Input

▼▼▼

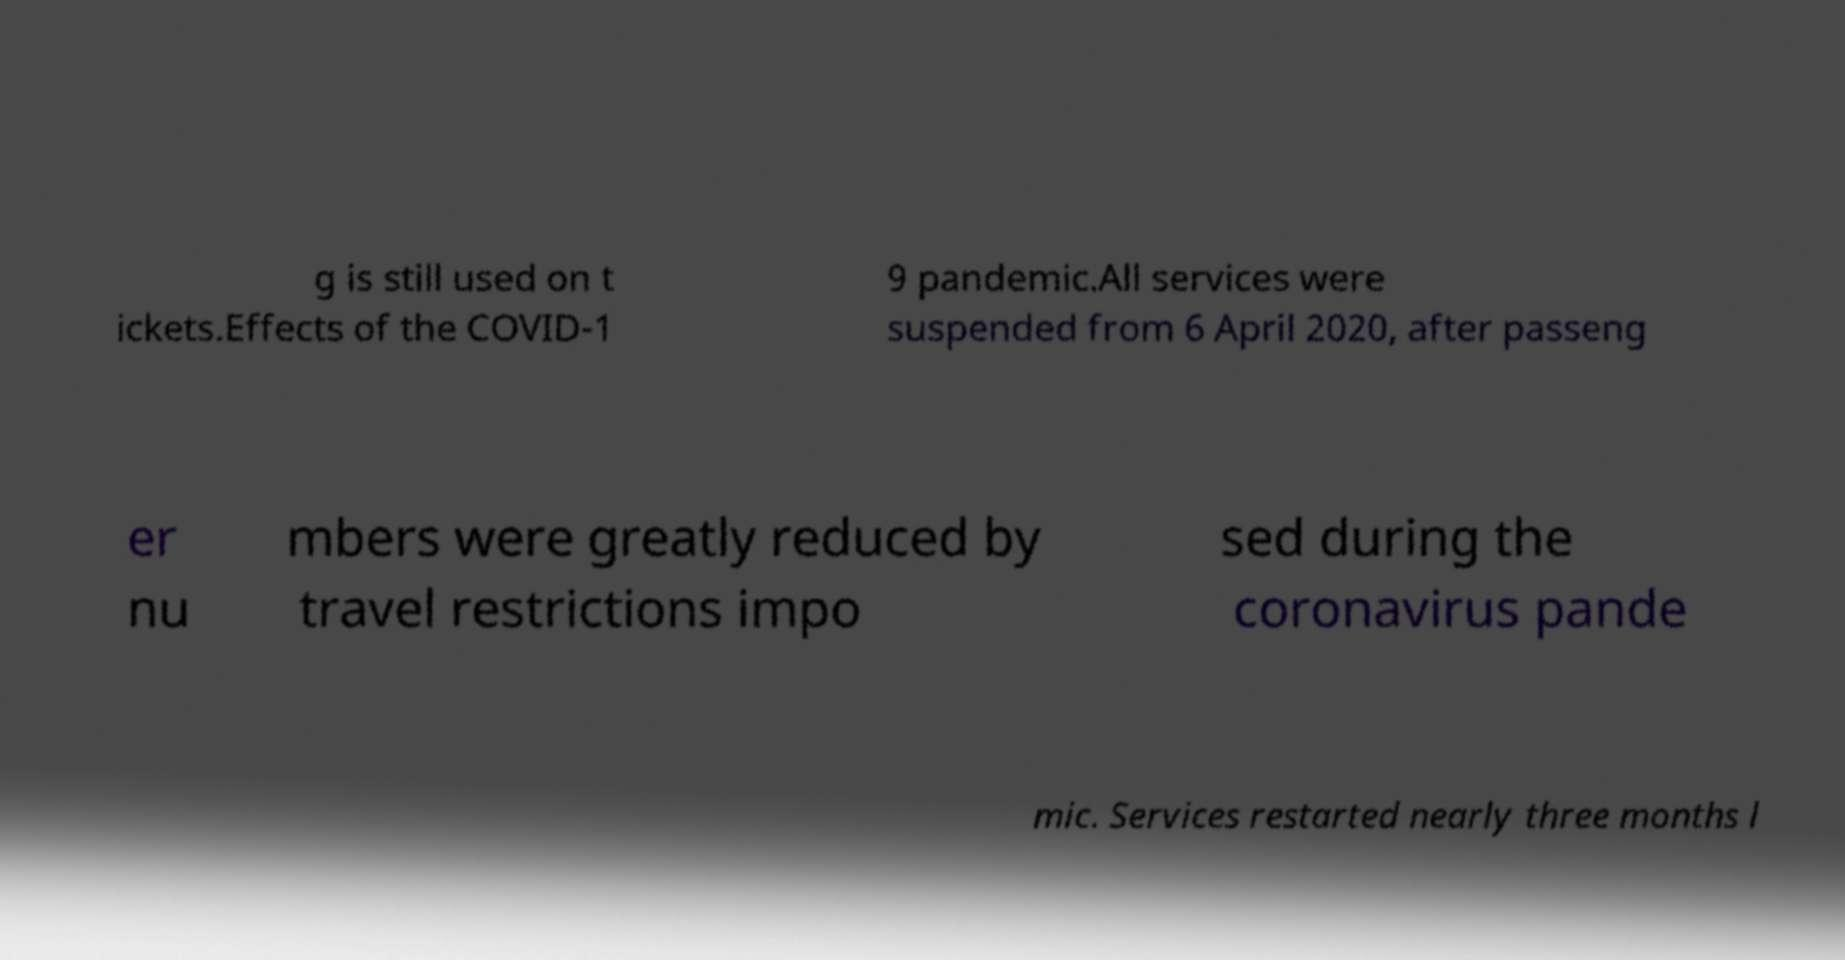Please read and relay the text visible in this image. What does it say? g is still used on t ickets.Effects of the COVID-1 9 pandemic.All services were suspended from 6 April 2020, after passeng er nu mbers were greatly reduced by travel restrictions impo sed during the coronavirus pande mic. Services restarted nearly three months l 
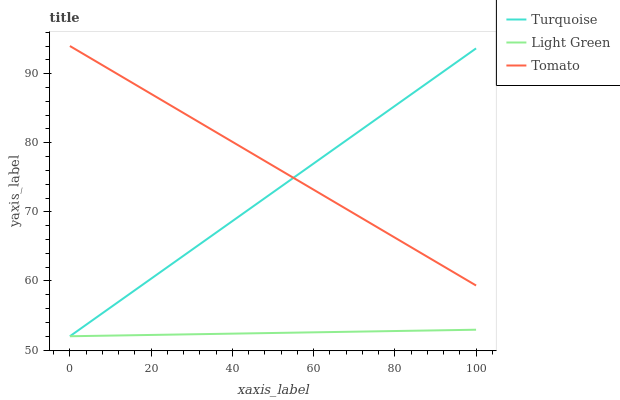Does Light Green have the minimum area under the curve?
Answer yes or no. Yes. Does Tomato have the maximum area under the curve?
Answer yes or no. Yes. Does Turquoise have the minimum area under the curve?
Answer yes or no. No. Does Turquoise have the maximum area under the curve?
Answer yes or no. No. Is Light Green the smoothest?
Answer yes or no. Yes. Is Turquoise the roughest?
Answer yes or no. Yes. Is Turquoise the smoothest?
Answer yes or no. No. Is Light Green the roughest?
Answer yes or no. No. Does Tomato have the highest value?
Answer yes or no. Yes. Does Turquoise have the highest value?
Answer yes or no. No. Is Light Green less than Tomato?
Answer yes or no. Yes. Is Tomato greater than Light Green?
Answer yes or no. Yes. Does Tomato intersect Turquoise?
Answer yes or no. Yes. Is Tomato less than Turquoise?
Answer yes or no. No. Is Tomato greater than Turquoise?
Answer yes or no. No. Does Light Green intersect Tomato?
Answer yes or no. No. 
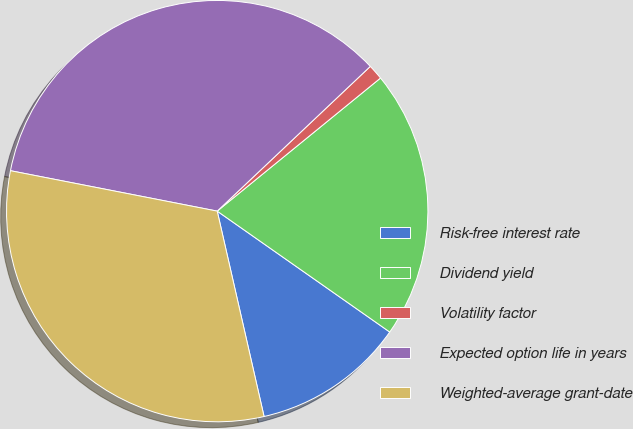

▲▲▲

About this task
Find each line of the data above that holds the word "highest", then copy it.

Exercise answer
Answer yes or no. No. Does Tomato have the highest value?
Answer yes or no. Yes. Does Turquoise have the highest value?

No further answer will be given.